So it’s a little bit more tricky and it takes a little bit more time, so having the fund will really give us a lot more flexibility and will allows us to be more nimble executing on deals.

Joe Fairless: From an advantage standpoint for you all, what are the ways that you make money on the fund versus a typical syndication?

John Azar: On the fund we make a little less money, that’s for sure. We make more money on syndications that we do on the fund, but the fund allows us to expand our bandwidth a lot quicker, obviously… 100 million dollars in an equity fund will buy us close to – if we’re doing 75% leverage, 25% equity, you’re talking about close to 400 million dollars worth of assets to add to our portfolio.

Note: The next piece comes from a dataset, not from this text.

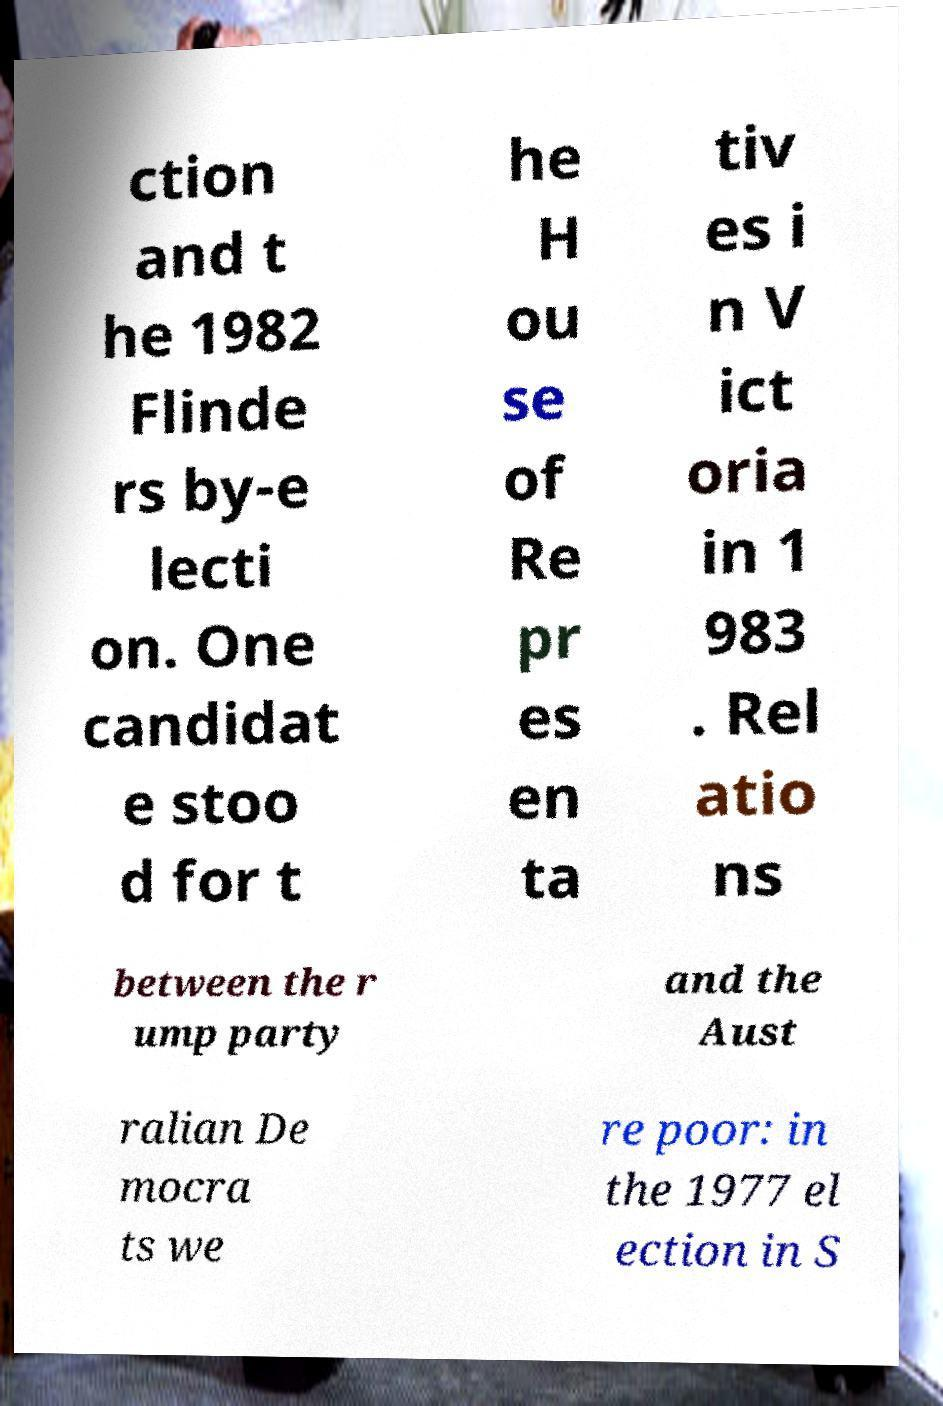What messages or text are displayed in this image? I need them in a readable, typed format. ction and t he 1982 Flinde rs by-e lecti on. One candidat e stoo d for t he H ou se of Re pr es en ta tiv es i n V ict oria in 1 983 . Rel atio ns between the r ump party and the Aust ralian De mocra ts we re poor: in the 1977 el ection in S

You can scale pretty quickly with those parameters, as opposed to individual syndication, which is onesie-twosie, you have to go out there and…

And the other thing that the fund will allow us to do is we can go out and buy a portfolio of assets, as opposed to just one asset at a time and syndicate it one at a time. If we see a portfolio of two or three different assets — four different assets that have maybe an aggregated number of 1,100-1,200 units, we can utilize the fund to pull the trigger on something like that much easier than we can if we have to syndicate that.

Joe Fairless: I know you’ve been asked this before – what’s your answer to someone saying, “John, this is the hottest time right now to sell. It’s a seller’s market, why are you doing a 100 million dollar fund to buy?”

John Azar: Because we are in the top of the market. We’re gonna start seeing a contraction soon. We have already started seeing a contraction in the marketplace in some larger cities. Rents and class A products have already started taking a hit in some larger cities like New York, Boston, L.A. We’ve already started hearing whispers on the street that the contraction already started in the A class in certain metropolitan areas… So it’s really only a matter of time before this hits the rest of the street.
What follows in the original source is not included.